WHAT THIS TASK INVOLVES: Which lines of the material contain the word "percussion"? Show each one.

EXERCISE INPUT:

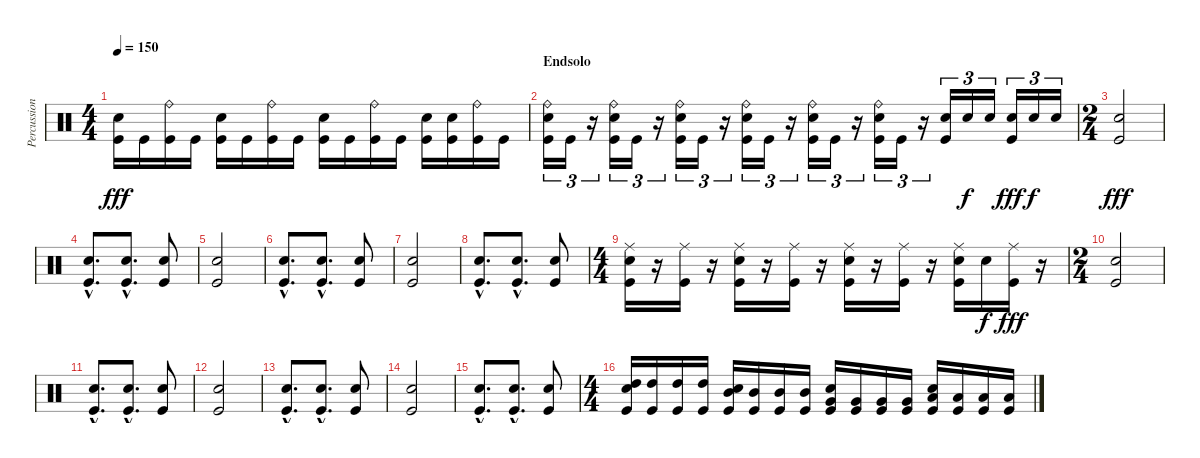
\track ("Percussions" "Percussion") {instrument percussion}
\staff {score}
\articulation defaults
\ts (4 4)
\tempo 150
\clef neutral
\ks c
("Snare (hit) 2" "Kick (hit)").16{dy fff} "Kick (hit)".16 ("Ride (bell)" "Kick (hit)").16 "Kick (hit)".16 ("Snare (hit) 2" "Kick (hit)").16 "Kick (hit)".16 ("Ride (bell)" "Kick (hit)").16 "Kick (hit)".16 ("Snare (hit) 2" "Kick (hit)").16 "Kick (hit)".16 ("Ride (bell)" "Kick (hit)").16 "Kick (hit)".16 ("Snare (hit) 2" "Kick (hit)").16 ("Snare (hit) 2" "Kick (hit)").16 ("Ride (bell)" "Kick (hit)").16 "Kick (hit)".16 |
\section ("" "Endsolo")
("Ride (bell)" "Snare (hit) 2" "Kick (hit)").16{tu (3 2)} "Kick (hit)".16{tu (3 2)} r.16{tu (3 2)} ("Ride (bell)" "Snare (hit) 2" "Kick (hit)").16{tu (3 2)} "Kick (hit)".16{tu (3 2)} r.16{tu (3 2)} ("Ride (bell)" "Snare (hit) 2" "Kick (hit)").16{tu (3 2)} "Kick (hit)".16{tu (3 2)} r.16{tu (3 2)} ("Ride (bell)" "Snare (hit) 2" "Kick (hit)").16{tu (3 2)} "Kick (hit)".16{tu (3 2)} r.16{tu (3 2)} ("Ride (bell)" "Snare (hit) 2" "Kick (hit)").16{tu (3 2)} "Kick (hit)".16{tu (3 2)} r.16{tu (3 2)} ("Ride (bell)" "Snare (hit) 2" "Kick (hit)").16{tu (3 2)} "Kick (hit)".16{tu (3 2)} r.16{tu (3 2)} ("Snare (hit) 2" "Kick (hit)").16{tu (3 2)} "Snare (hit) 2".16{tu (3 2) dy f} "Snare (hit) 2".16{tu (3 2)} ("Snare (hit) 2" "Kick (hit)").16{tu (3 2) dy fff} "Snare (hit) 2".16{tu (3 2) dy f} "Snare (hit) 2".16{tu (3 2)} |
\ts (2 4)
("Snare (hit) 2" "Kick (hit)").2{dy fff} |
("Snare (hit) 2"{hac} "Kick (hit)"{hac}).8{d} ("Snare (hit) 2"{hac} "Kick (hit)"{hac}).8{d} ("Snare (hit) 2" "Kick (hit)").8 |
("Snare (hit) 2" "Kick (hit)").2 |
("Snare (hit) 2"{hac} "Kick (hit)"{hac}).8{d} ("Snare (hit) 2"{hac} "Kick (hit)"{hac}).8{d} ("Snare (hit) 2" "Kick (hit)").8 |
("Snare (hit) 2" "Kick (hit)").2 |
("Snare (hit) 2"{hac} "Kick (hit)"{hac}).8{d} ("Snare (hit) 2"{hac} "Kick (hit)"{hac}).8{d} ("Snare (hit) 2" "Kick (hit)").8 |
\ts (4 4)
("Ride (middle)" "Snare (hit) 2" "Kick (hit)").16 r.16 ("Ride (middle)" "Kick (hit)").16 r.16 ("Ride (middle)" "Snare (hit) 2" "Kick (hit)").16 r.16 ("Ride (middle)" "Kick (hit)").16 r.16 ("Ride (middle)" "Snare (hit) 2" "Kick (hit)").16 r.16 ("Ride (middle)" "Kick (hit)").16 r.16 ("Ride (middle)" "Snare (hit) 2" "Kick (hit)").16 "Snare (hit) 2".16{dy f} ("Ride (middle)" "Kick (hit)").16{dy fff} r.16 |
\ts (2 4)
("Snare (hit) 2" "Kick (hit)").2 |
("Snare (hit) 2"{hac} "Kick (hit)"{hac}).8{d} ("Snare (hit) 2"{hac} "Kick (hit)"{hac}).8{d} ("Snare (hit) 2" "Kick (hit)").8 |
("Snare (hit) 2" "Kick (hit)").2 |
("Snare (hit) 2"{hac} "Kick (hit)"{hac}).8{d} ("Snare (hit) 2"{hac} "Kick (hit)"{hac}).8{d} ("Snare (hit) 2" "Kick (hit)").8 |
("Snare (hit) 2" "Kick (hit)").2 |
("Snare (hit) 2"{hac} "Kick (hit)"{hac}).8{d} ("Snare (hit) 2"{hac} "Kick (hit)"{hac}).8{d} ("Snare (hit) 2" "Kick (hit)").8 |
\ts (4 4)
("High Tom (hit)" "Snare (hit) 2" "Kick (hit)").16 ("High Tom (hit)" "Kick (hit)").16 ("High Tom (hit)" "Kick (hit)").16 ("High Tom (hit)" "Kick (hit)").16 ("Mid Tom (hit)" "Snare (hit) 2" "Kick (hit)").16 ("Mid Tom (hit)" "Kick (hit)").16 ("Mid Tom (hit)" "Kick (hit)").16 ("Mid Tom (hit)" "Kick (hit)").16 ("Very Low Tom (hit)" "Snare (hit) 2" "Kick (hit)").16 ("Very Low Tom (hit)" "Kick (hit)").16 ("Very Low Tom (hit)" "Kick (hit)").16 ("Very Low Tom (hit)" "Kick (hit)").16 ("Low Floor Tom (hit)" "Snare (hit) 2" "Kick (hit)").16 ("Low Floor Tom (hit)" "Kick (hit)").16 ("Low Floor Tom (hit)" "Kick (hit)").16 ("Low Floor Tom (hit)" "Kick (hit)").16
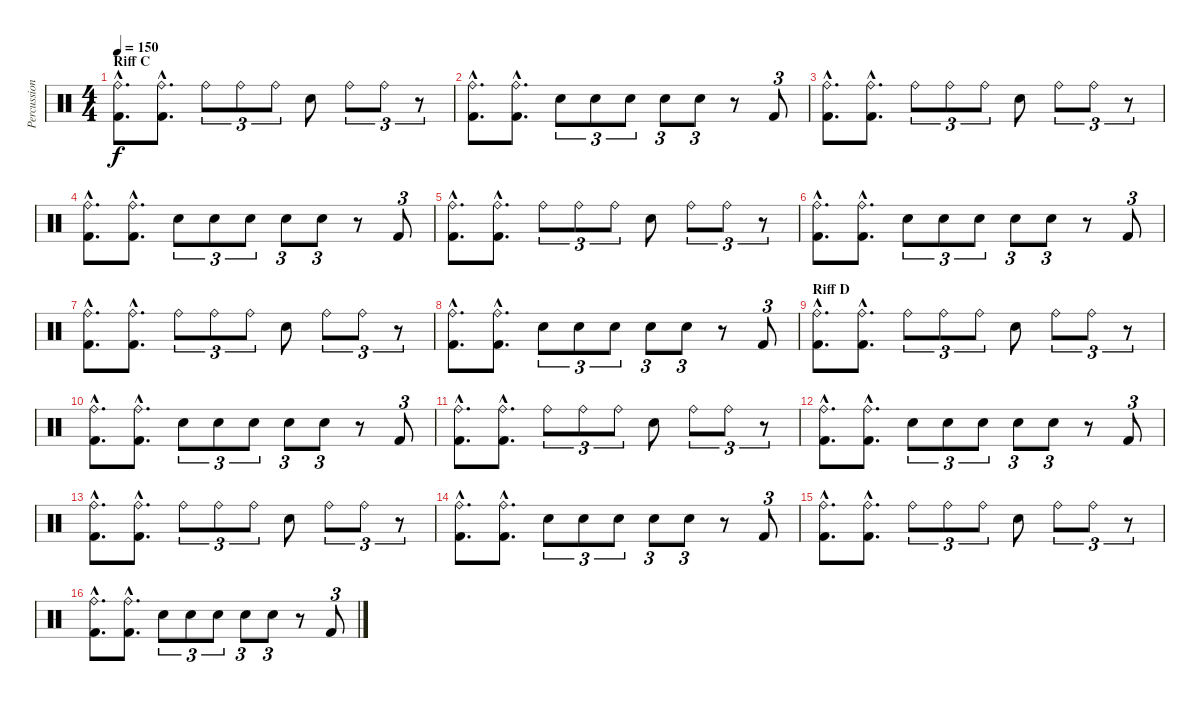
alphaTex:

\track ("Percussion" "Percussion") {instrument percussion}
\staff {score}
\articulation defaults
\ts (4 4)
\section ("" "Riff C")
\tempo 150
\clef neutral
\ks c
("Kick (hit) 2"{hac} "Ride (bell)"{hac}).8{d dy f} ("Kick (hit) 2"{hac} "Ride (bell)"{hac}).8{d} "Ride (bell)".8{tu (3 2)} "Ride (bell)".8{tu (3 2)} "Ride (bell)".8{tu (3 2)} "Snare (hit) 2".8 "Ride (bell)".8{tu (3 2)} "Ride (bell)".8{tu (3 2)} r.8{tu (3 2)} |
("Kick (hit) 2"{hac} "Ride (bell)"{hac}).8{d} ("Kick (hit) 2"{hac} "Ride (bell)"{hac}).8{d} "Electric Snare (hit)".8{tu (3 2)} "Electric Snare (hit)".8{tu (3 2)} "Electric Snare (hit)".8{tu (3 2)} "Snare (hit) 2".8{tu (3 2)} "Snare (hit) 2".8{tu (3 2)} r.8 "Kick (hit) 2".8{tu (3 2)} |
("Kick (hit) 2"{hac} "Ride (bell)"{hac}).8{d} ("Kick (hit) 2"{hac} "Ride (bell)"{hac}).8{d} "Ride (bell)".8{tu (3 2)} "Ride (bell)".8{tu (3 2)} "Ride (bell)".8{tu (3 2)} "Snare (hit) 2".8 "Ride (bell)".8{tu (3 2)} "Ride (bell)".8{tu (3 2)} r.8{tu (3 2)} |
("Kick (hit) 2"{hac} "Ride (bell)"{hac}).8{d} ("Kick (hit) 2"{hac} "Ride (bell)"{hac}).8{d} "Electric Snare (hit)".8{tu (3 2)} "Electric Snare (hit)".8{tu (3 2)} "Electric Snare (hit)".8{tu (3 2)} "Snare (hit) 2".8{tu (3 2)} "Snare (hit) 2".8{tu (3 2)} r.8 "Kick (hit) 2".8{tu (3 2)} |
("Kick (hit) 2"{hac} "Ride (bell)"{hac}).8{d} ("Kick (hit) 2"{hac} "Ride (bell)"{hac}).8{d} "Ride (bell)".8{tu (3 2)} "Ride (bell)".8{tu (3 2)} "Ride (bell)".8{tu (3 2)} "Snare (hit) 2".8 "Ride (bell)".8{tu (3 2)} "Ride (bell)".8{tu (3 2)} r.8{tu (3 2)} |
("Kick (hit) 2"{hac} "Ride (bell)"{hac}).8{d} ("Kick (hit) 2"{hac} "Ride (bell)"{hac}).8{d} "Electric Snare (hit)".8{tu (3 2)} "Electric Snare (hit)".8{tu (3 2)} "Electric Snare (hit)".8{tu (3 2)} "Snare (hit) 2".8{tu (3 2)} "Snare (hit) 2".8{tu (3 2)} r.8 "Kick (hit) 2".8{tu (3 2)} |
("Kick (hit) 2"{hac} "Ride (bell)"{hac}).8{d} ("Kick (hit) 2"{hac} "Ride (bell)"{hac}).8{d} "Ride (bell)".8{tu (3 2)} "Ride (bell)".8{tu (3 2)} "Ride (bell)".8{tu (3 2)} "Snare (hit) 2".8 "Ride (bell)".8{tu (3 2)} "Ride (bell)".8{tu (3 2)} r.8{tu (3 2)} |
("Kick (hit) 2"{hac} "Ride (bell)"{hac}).8{d} ("Kick (hit) 2"{hac} "Ride (bell)"{hac}).8{d} "Electric Snare (hit)".8{tu (3 2)} "Electric Snare (hit)".8{tu (3 2)} "Electric Snare (hit)".8{tu (3 2)} "Snare (hit) 2".8{tu (3 2)} "Snare (hit) 2".8{tu (3 2)} r.8 "Kick (hit) 2".8{tu (3 2)} |
\section ("" "Riff D")
("Kick (hit) 2"{hac} "Ride (bell)"{hac}).8{d} ("Kick (hit) 2"{hac} "Ride (bell)"{hac}).8{d} "Ride (bell)".8{tu (3 2)} "Ride (bell)".8{tu (3 2)} "Ride (bell)".8{tu (3 2)} "Snare (hit) 2".8 "Ride (bell)".8{tu (3 2)} "Ride (bell)".8{tu (3 2)} r.8{tu (3 2)} |
("Kick (hit) 2"{hac} "Ride (bell)"{hac}).8{d} ("Kick (hit) 2"{hac} "Ride (bell)"{hac}).8{d} "Electric Snare (hit)".8{tu (3 2)} "Electric Snare (hit)".8{tu (3 2)} "Electric Snare (hit)".8{tu (3 2)} "Snare (hit) 2".8{tu (3 2)} "Snare (hit) 2".8{tu (3 2)} r.8 "Kick (hit) 2".8{tu (3 2)} |
("Kick (hit) 2"{hac} "Ride (bell)"{hac}).8{d} ("Kick (hit) 2"{hac} "Ride (bell)"{hac}).8{d} "Ride (bell)".8{tu (3 2)} "Ride (bell)".8{tu (3 2)} "Ride (bell)".8{tu (3 2)} "Snare (hit) 2".8 "Ride (bell)".8{tu (3 2)} "Ride (bell)".8{tu (3 2)} r.8{tu (3 2)} |
("Kick (hit) 2"{hac} "Ride (bell)"{hac}).8{d} ("Kick (hit) 2"{hac} "Ride (bell)"{hac}).8{d} "Electric Snare (hit)".8{tu (3 2)} "Electric Snare (hit)".8{tu (3 2)} "Electric Snare (hit)".8{tu (3 2)} "Snare (hit) 2".8{tu (3 2)} "Snare (hit) 2".8{tu (3 2)} r.8 "Kick (hit) 2".8{tu (3 2)} |
("Kick (hit) 2"{hac} "Ride (bell)"{hac}).8{d} ("Kick (hit) 2"{hac} "Ride (bell)"{hac}).8{d} "Ride (bell)".8{tu (3 2)} "Ride (bell)".8{tu (3 2)} "Ride (bell)".8{tu (3 2)} "Snare (hit) 2".8 "Ride (bell)".8{tu (3 2)} "Ride (bell)".8{tu (3 2)} r.8{tu (3 2)} |
("Kick (hit) 2"{hac} "Ride (bell)"{hac}).8{d} ("Kick (hit) 2"{hac} "Ride (bell)"{hac}).8{d} "Electric Snare (hit)".8{tu (3 2)} "Electric Snare (hit)".8{tu (3 2)} "Electric Snare (hit)".8{tu (3 2)} "Snare (hit) 2".8{tu (3 2)} "Snare (hit) 2".8{tu (3 2)} r.8 "Kick (hit) 2".8{tu (3 2)} |
("Kick (hit) 2"{hac} "Ride (bell)"{hac}).8{d} ("Kick (hit) 2"{hac} "Ride (bell)"{hac}).8{d} "Ride (bell)".8{tu (3 2)} "Ride (bell)".8{tu (3 2)} "Ride (bell)".8{tu (3 2)} "Snare (hit) 2".8 "Ride (bell)".8{tu (3 2)} "Ride (bell)".8{tu (3 2)} r.8{tu (3 2)} |
("Kick (hit) 2"{hac} "Ride (bell)"{hac}).8{d} ("Kick (hit) 2"{hac} "Ride (bell)"{hac}).8{d} "Electric Snare (hit)".8{tu (3 2)} "Electric Snare (hit)".8{tu (3 2)} "Electric Snare (hit)".8{tu (3 2)} "Snare (hit) 2".8{tu (3 2)} "Snare (hit) 2".8{tu (3 2)} r.8 "Kick (hit) 2".8{tu (3 2)}
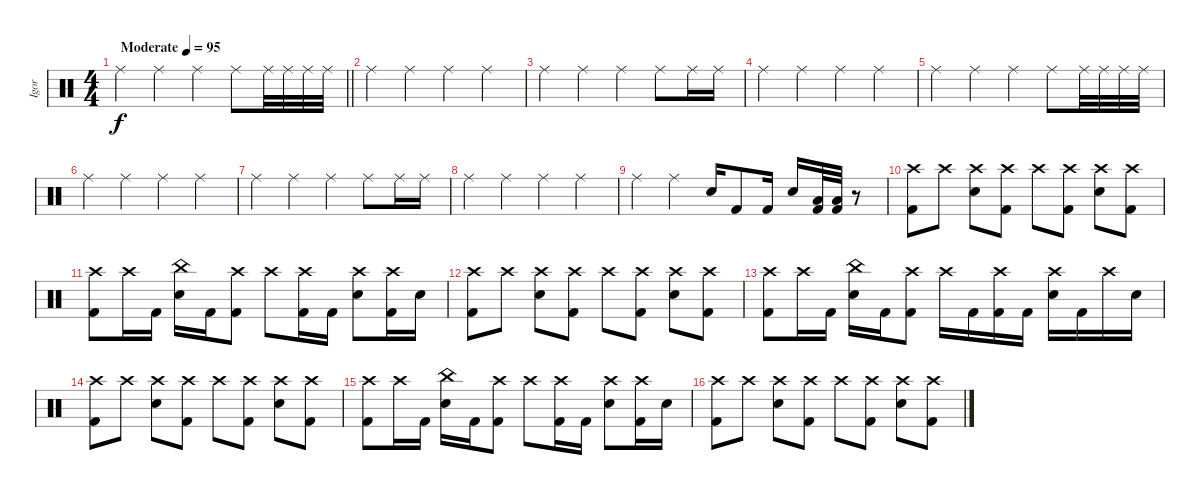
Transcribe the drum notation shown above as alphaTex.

\track ("Igor" "Igor") {instrument percussion}
\staff {score}
\articulation defaults
\ts (4 4)
\tempo (95 "Moderate")
\clef neutral
\barLineRight lightlight
\ks c "Ride (middle)".4{dy f} "Ride (middle)".4 "Ride (middle)".4 "Ride (middle)".8 "Ride (middle)".32 "Ride (middle)".32 "Ride (middle)".32 "Ride (middle)".32
|
"Ride (middle)".4 "Ride (middle)".4 "Ride (middle)".4 "Ride (middle)".4 |
"Ride (middle)".4 "Ride (middle)".4 "Ride (middle)".4 "Ride (middle)".8 "Ride (middle)".16 "Ride (middle)".16 |
"Ride (middle)".4 "Ride (middle)".4 "Ride (middle)".4 "Ride (middle)".4 |
"Ride (middle)".4 "Ride (middle)".4 "Ride (middle)".4 "Ride (middle)".8 "Ride (middle)".32 "Ride (middle)".32 "Ride (middle)".32 "Ride (middle)".32 |
"Ride (middle)".4 "Ride (middle)".4 "Ride (middle)".4 "Ride (middle)".4 |
"Ride (middle)".4 "Ride (middle)".4 "Ride (middle)".4 "Ride (middle)".8 "Ride (middle)".16 "Ride (middle)".16 |
"Ride (middle)".4 "Ride (middle)".4 "Ride (middle)".4 "Ride (middle)".4 |
"Ride (middle)".4 "Ride (middle)".4 "Electric Snare (hit)".16 "Kick (hit) 2".8 "Kick (hit) 2".16 "Electric Snare (hit)".16 ("Low Tom (hit)" "Kick (hit) 2").32 ("Low Tom (hit)" "Kick (hit) 2").32 r.8 |
("Crash high (hit)" "Kick (hit) 2").8 "Crash high (hit)".8 ("Crash high (hit)" "Electric Snare (hit)").8 ("Crash high (hit)" "Kick (hit) 2").8 "Crash high (hit)".8 ("Crash high (hit)" "Kick (hit) 2").8 ("Crash high (hit)" "Electric Snare (hit)").8 ("Crash high (hit)" "Kick (hit) 2").8 |
("Crash high (hit)" "Kick (hit) 2").8 "Crash high (hit)".16 "Kick (hit) 2".16 ("China (hit)" "Electric Snare (hit)").16 "Kick (hit) 2".16 ("Crash high (hit)" "Kick (hit) 2").8 "Crash high (hit)".8 ("Crash high (hit)" "Kick (hit) 2").16 "Kick (hit) 2".16 ("Crash high (hit)" "Electric Snare (hit)").8 ("Crash high (hit)" "Kick (hit) 2").16 "Electric Snare (hit)".16 |
("Crash high (hit)" "Kick (hit) 2").8 "Crash high (hit)".8 ("Crash high (hit)" "Electric Snare (hit)").8 ("Crash high (hit)" "Kick (hit) 2").8 "Crash high (hit)".8 ("Crash high (hit)" "Kick (hit) 2").8 ("Crash high (hit)" "Electric Snare (hit)").8 ("Crash high (hit)" "Kick (hit) 2").8 |
("Crash high (hit)" "Kick (hit) 2").8 "Crash high (hit)".16 "Kick (hit) 2".16 ("China (hit)" "Electric Snare (hit)").16 "Kick (hit) 2".16 ("Crash high (hit)" "Kick (hit) 2").8 "Crash high (hit)".16 "Kick (hit) 2".16 ("Crash high (hit)" "Kick (hit) 2").16 "Kick (hit) 2".16 ("Crash high (hit)" "Electric Snare (hit)").16 "Kick (hit) 2".16 "Crash high (hit)".16 "Electric Snare (hit)".16 |
("Crash high (hit)" "Kick (hit) 2").8 "Crash high (hit)".8 ("Crash high (hit)" "Electric Snare (hit)").8 ("Crash high (hit)" "Kick (hit) 2").8 "Crash high (hit)".8 ("Crash high (hit)" "Kick (hit) 2").8 ("Crash high (hit)" "Electric Snare (hit)").8 ("Crash high (hit)" "Kick (hit) 2").8 |
("Crash high (hit)" "Kick (hit) 2").8 "Crash high (hit)".16 "Kick (hit) 2".16 ("China (hit)" "Electric Snare (hit)").16 "Kick (hit) 2".16 ("Crash high (hit)" "Kick (hit) 2").8 "Crash high (hit)".8 ("Crash high (hit)" "Kick (hit) 2").16 "Kick (hit) 2".16 ("Crash high (hit)" "Electric Snare (hit)").8 ("Crash high (hit)" "Kick (hit) 2").16 "Electric Snare (hit)".16 |
("Crash high (hit)" "Kick (hit) 2").8 "Crash high (hit)".8 ("Crash high (hit)" "Electric Snare (hit)").8 ("Crash high (hit)" "Kick (hit) 2").8 "Crash high (hit)".8 ("Crash high (hit)" "Kick (hit) 2").8 ("Crash high (hit)" "Electric Snare (hit)").8 ("Crash high (hit)" "Kick (hit) 2").8

TASK RESULT:
\track ("Percussions" "Percussion") {instrument percussion}
\track ("Percussion" "Percussion") {instrument percussion}
\track ("Igor" "Igor") {instrument percussion}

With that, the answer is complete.